实际上,对于阅读器的去向,他已经不那么关心了。
云景山。他想。
云景山或许就是这一切的突破口。
他的所有行动似乎都暗含目的:将沈长筠引到先春镇,大费周章地让他们来到矿山,又给了他们这块阅读器,其间没有透露任何有用信息,活脱脱一个谜语人。
他的住所还勉强能用地域偏僻不易被发现解释,山顶的动静如此之大,那幢小屋却至今紧闭大门,如果喻素穹没有猜错,那屋子里头早已空无一人。
喻素穹心里浮现出一个荒唐的猜测。
云景山和这群怪物很有可能处于同一阵营。
没等他继续挖掘,沈长筠便用力拍了拍他,惊喜道:“升降机来了!快上去!”
他高喊着顾鹤轩的名字,试图让恋人赶紧从战局里抽身。
那厢顾鹤轩正与怪物群激战,闻言他调整了方向,一点点往升降机的方向移动。
就在这时,喻素穹忽觉脚下剧烈震颤,他扶住身旁的矿车稳住身形,诧异地低头望去。
入眼是一道漆黑的裂缝,不出五秒钟,它便由起先的几毫米粗迅速扩张,简直像是有谁拿斧子将地面劈成了两半。

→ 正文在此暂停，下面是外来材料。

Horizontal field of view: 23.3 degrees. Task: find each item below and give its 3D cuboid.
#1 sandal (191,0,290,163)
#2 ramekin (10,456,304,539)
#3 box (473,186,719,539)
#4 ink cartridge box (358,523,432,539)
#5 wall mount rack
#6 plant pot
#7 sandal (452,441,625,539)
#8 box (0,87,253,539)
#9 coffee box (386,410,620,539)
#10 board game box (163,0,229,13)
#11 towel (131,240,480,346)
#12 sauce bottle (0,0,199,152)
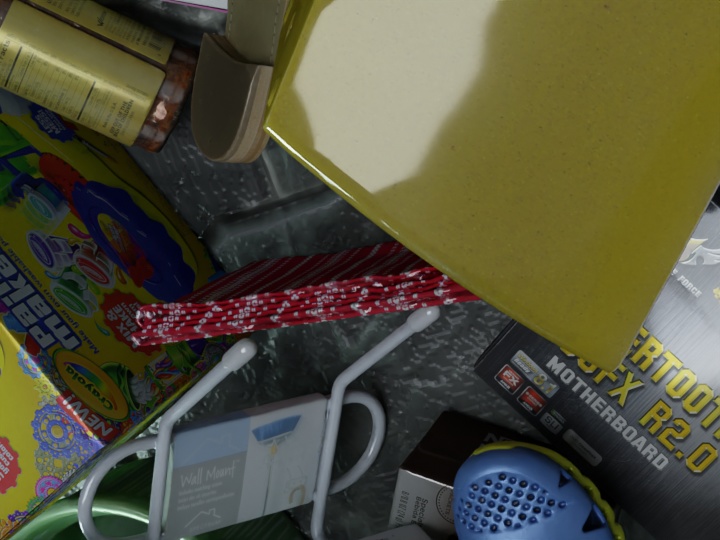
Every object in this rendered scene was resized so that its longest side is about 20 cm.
[{"bbox_3d":[-0.024,-0.152,0.868,0.078,0.069,0.213,43,123,44],"label":"sandal"},{"bbox_3d":[-0.117,0.208,1.027,0.199,0.098,0.201,7,110,20],"label":"ramekin"},{"bbox_3d":[0.181,0.058,0.882,0.200,0.048,0.159,43,118,4],"label":"box"},{"bbox_3d":[0.033,0.253,0.841,0.083,0.176,0.201,-13,108,-16],"label":"ink cartridge box"},{"bbox_3d":[-0.040,0.090,0.895,0.074,0.199,0.175,32,122,42],"label":"wall mount rack"},{"bbox_3d":[0.064,-0.110,0.761,0.176,0.200,0.201,20,116,-8],"label":"plant pot"},{"bbox_3d":[0.095,0.179,0.850,0.079,0.087,0.201,-17,101,24],"label":"sandal"},{"bbox_3d":[-0.189,0.015,0.939,0.122,0.193,0.200,-41,90,28],"label":"box"},{"bbox_3d":[0.066,0.194,0.956,0.112,0.080,0.201,18,113,15],"label":"coffee box"},{"bbox_3d":[-0.129,-0.225,0.919,0.199,0.040,0.154,13,112,18],"label":"board game box"},{"bbox_3d":[0.000,0.000,0.882,0.199,0.145,0.023,-9,99,25],"label":"towel"},{"bbox_3d":[-0.184,-0.130,0.928,0.199,0.066,0.066,26,117,-9],"label":"sauce bottle"}]
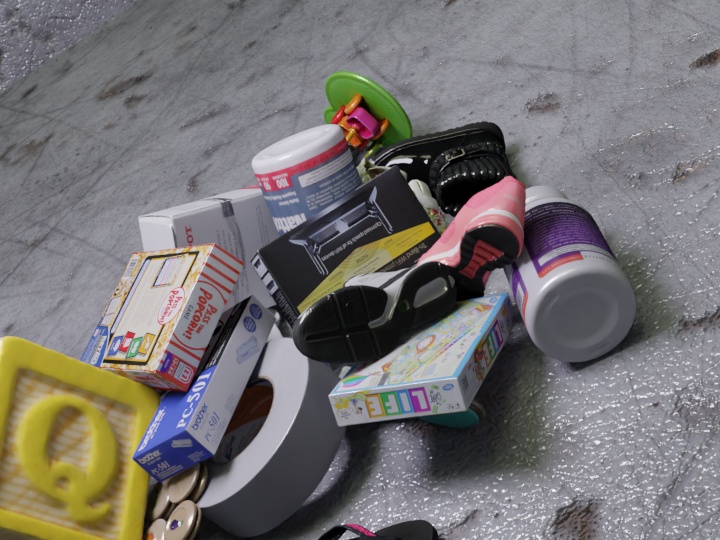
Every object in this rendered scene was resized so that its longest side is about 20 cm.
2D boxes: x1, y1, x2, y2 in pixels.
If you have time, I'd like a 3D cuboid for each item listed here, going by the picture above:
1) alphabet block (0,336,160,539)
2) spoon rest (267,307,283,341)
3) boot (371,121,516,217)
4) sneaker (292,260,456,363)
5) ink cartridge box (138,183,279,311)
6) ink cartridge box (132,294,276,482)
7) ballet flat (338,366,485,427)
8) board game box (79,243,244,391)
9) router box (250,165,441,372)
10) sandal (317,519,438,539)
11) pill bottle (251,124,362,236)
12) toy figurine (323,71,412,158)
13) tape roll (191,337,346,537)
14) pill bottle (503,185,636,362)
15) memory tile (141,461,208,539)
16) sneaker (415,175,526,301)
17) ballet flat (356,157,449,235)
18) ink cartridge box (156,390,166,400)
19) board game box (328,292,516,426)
[{"bbox_3d":[-0.347,0.210,1.217,0.199,0.195,0.198,-28,50,41],"label":"alphabet block"},{"bbox_3d":[-0.127,0.082,1.427,0.098,0.062,0.200,-13,26,-23],"label":"spoon rest"},{"bbox_3d":[0.097,-0.111,1.503,0.209,0.080,0.159,-21,31,16],"label":"boot"},{"bbox_3d":[-0.005,0.048,1.200,0.199,0.077,0.115,-19,5,-36],"label":"sneaker"},{"bbox_3d":[-0.168,-0.019,1.466,0.198,0.148,0.083,-19,16,-40],"label":"ink cartridge box"},{"bbox_3d":[-0.162,0.122,1.236,0.093,0.044,0.201,-30,25,36],"label":"ink cartridge box"},{"bbox_3d":[0.049,0.120,1.212,0.198,0.068,0.064,-4,48,41],"label":"ballet flat"},{"bbox_3d":[-0.223,0.051,1.286,0.199,0.046,0.153,-3,59,54],"label":"board game box"},{"bbox_3d":[0.000,0.000,1.322,0.199,0.158,0.052,-32,-3,-20],"label":"router box"},{"bbox_3d":[-0.023,0.268,1.082,0.197,0.045,0.076,-18,32,22],"label":"sandal"},{"bbox_3d":[-0.043,-0.062,1.419,0.118,0.202,0.120,-20,16,6],"label":"pill bottle"},{"bbox_3d":[-0.045,-0.159,1.679,0.185,0.150,0.199,-55,15,-21],"label":"toy figurine"},{"bbox_3d":[-0.104,0.173,1.224,0.199,0.066,0.202,-36,30,24],"label":"tape roll"},{"bbox_3d":[0.206,-0.006,1.217,0.110,0.112,0.201,-25,31,9],"label":"pill bottle"},{"bbox_3d":[-0.212,0.293,1.165,0.153,0.017,0.202,-34,35,36],"label":"memory tile"},{"bbox_3d":[0.123,-0.032,1.235,0.200,0.073,0.088,-42,22,59],"label":"sneaker"},{"bbox_3d":[0.047,-0.089,1.447,0.199,0.075,0.065,31,97,43],"label":"ballet flat"},{"bbox_3d":[-0.268,0.153,1.451,0.199,0.068,0.116,-41,31,-17],"label":"ink cartridge box"},{"bbox_3d":[0.067,0.085,1.160,0.133,0.035,0.200,-10,17,26],"label":"board game box"}]
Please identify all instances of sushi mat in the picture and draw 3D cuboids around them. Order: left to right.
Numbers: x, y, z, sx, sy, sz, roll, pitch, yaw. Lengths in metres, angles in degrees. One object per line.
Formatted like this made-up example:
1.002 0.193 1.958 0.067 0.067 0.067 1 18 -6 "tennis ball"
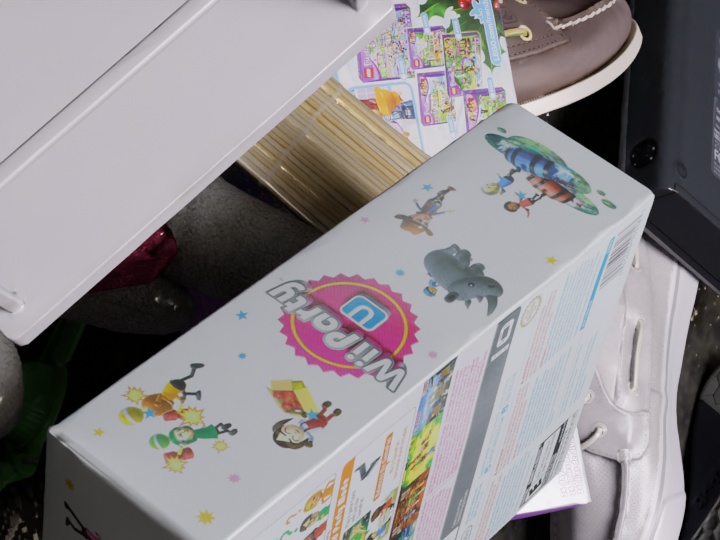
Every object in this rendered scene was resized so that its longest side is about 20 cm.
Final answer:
-0.051 -0.076 0.767 0.200 0.012 0.096 41 31 -7 "sushi mat"

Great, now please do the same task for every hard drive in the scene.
0.174 -0.086 1.040 0.139 0.033 0.201 36 50 -38 "hard drive"

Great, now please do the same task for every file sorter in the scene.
-0.109 -0.105 0.563 0.139 0.125 0.200 -41 84 -3 "file sorter"

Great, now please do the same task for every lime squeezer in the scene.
-0.138 0.046 0.787 0.071 0.038 0.200 48 53 5 "lime squeezer"

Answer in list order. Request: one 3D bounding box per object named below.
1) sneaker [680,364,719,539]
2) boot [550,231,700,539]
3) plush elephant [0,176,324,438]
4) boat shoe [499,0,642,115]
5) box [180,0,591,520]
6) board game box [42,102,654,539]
0.215 0.160 1.088 0.146 0.077 0.203 30 69 -37 "sneaker"
0.091 0.054 0.983 0.095 0.073 0.201 21 67 -36 "boot"
-0.123 -0.012 0.690 0.155 0.200 0.165 -53 152 -27 "plush elephant"
0.042 -0.089 0.928 0.200 0.072 0.060 -28 112 -34 "boat shoe"
0.000 0.000 0.827 0.136 0.039 0.201 -7 82 -20 "box"
-0.006 0.058 0.685 0.200 0.064 0.148 -38 153 -36 "board game box"

喻素穹一惊,在沈长筠胳膊上拽了一把,立刻转身往升降机跑。
与此同时,那裂缝迅速向整个山顶蔓延扩张,悬崖边的碎石开始崩解坠落,震声隆隆,地面摇晃不已,恍若地震之景。
无数银白色的丝线从裂缝中喷射而出,刹那间便铺满了山顶。周遭一切物什无一幸免,被那柔软但强韧的丝线裹挟,团巴团巴卷进了裂缝底部。
喻素穹只觉脚踝一紧,今天不知第几次跌倒在地。
他死死抓住升降机的边缘避免被拖进裂缝之中,但升降机发出令人绝望的嘎吱声,几秒钟之后,那部可怜的机械向悬崖外一歪,竟是直接从山顶坠落下去。
丝线骤然收紧,喻素穹看见周遭景象从眼前迅速掠过,木屋,矿车,碎石,沈长筠,还有那群怪物。
天旋地转之间,似乎有一个黑影从不远处向他猛扑过来,那副战甲令喻素穹记忆犹新。
这时候过来,是要杀他么?
然而喻素穹已然没有多余的心思反抗了,他精疲力竭,双眼不由自主地闭上,只能任凭丝线将自己拖进了深坑。
*
每次喻素穹陷入沉睡的时候,他总会做那个梦。
他在逃跑,在飞奔,拼命躲避着那个穷追不舍的怪物,但无论他跑得多快,躲到何处,总有一个声音追上他,轻蔑而诡异的笑声令他不寒而栗。
它告诉喻素穹要服从它的命令,一千遍一万遍,直到他双眼茫然,近乎呆滞地重复它的话,它才满意地抽身而去。
今天喻素穹却没做这个梦。他堪称舒适地睁开眼睛,少见地因为睡得太好记不清自己入睡之前究竟在何处。
半分钟后他反应过来,就算他记得也无济于事。
现在的他处于一个完全陌生的房间,没有窗户,空间被桌椅、地毯和各种小物件塞得满满当当,因角落的光源被蒙上了一层暖色调。
喻素穹扭头望过去,惊奇地发现用作照明的竟是一支彩色的蜡烛。
他爬下床,鞋子被贴心地摆在了床边。
在镜子里,喻素穹看见了自己现在的模样——原先那套衣服被换成了干净的衬衫,领口半敞,露出在外的皮肤被仔细裹上了绷带。
他检查了一遍,发现伤口得到了细致的处理,除了轻微瘙痒外没有别的不适。
这一认知给了喻素穹一种奇异的感觉,几乎要以为昏迷之前末日般的景象只是在做梦。
就在这时,房门悄悄开了,一个粉衣服的女孩儿走了进来,脚步轻盈,乌黑油亮的发辫搭在肩头,一股清新的香气充斥了房间。
发现站在镜子前的喻素穹,她小声喊了一句什么,将手里的托盘放在了小桌上。
喻素穹面不改色地扭头望去,指尖在光脑上轻轻拨动,熟悉的画面没有出现。
那女孩做了个手势,示意喻素穹站在原地别动,接着扭头出去了。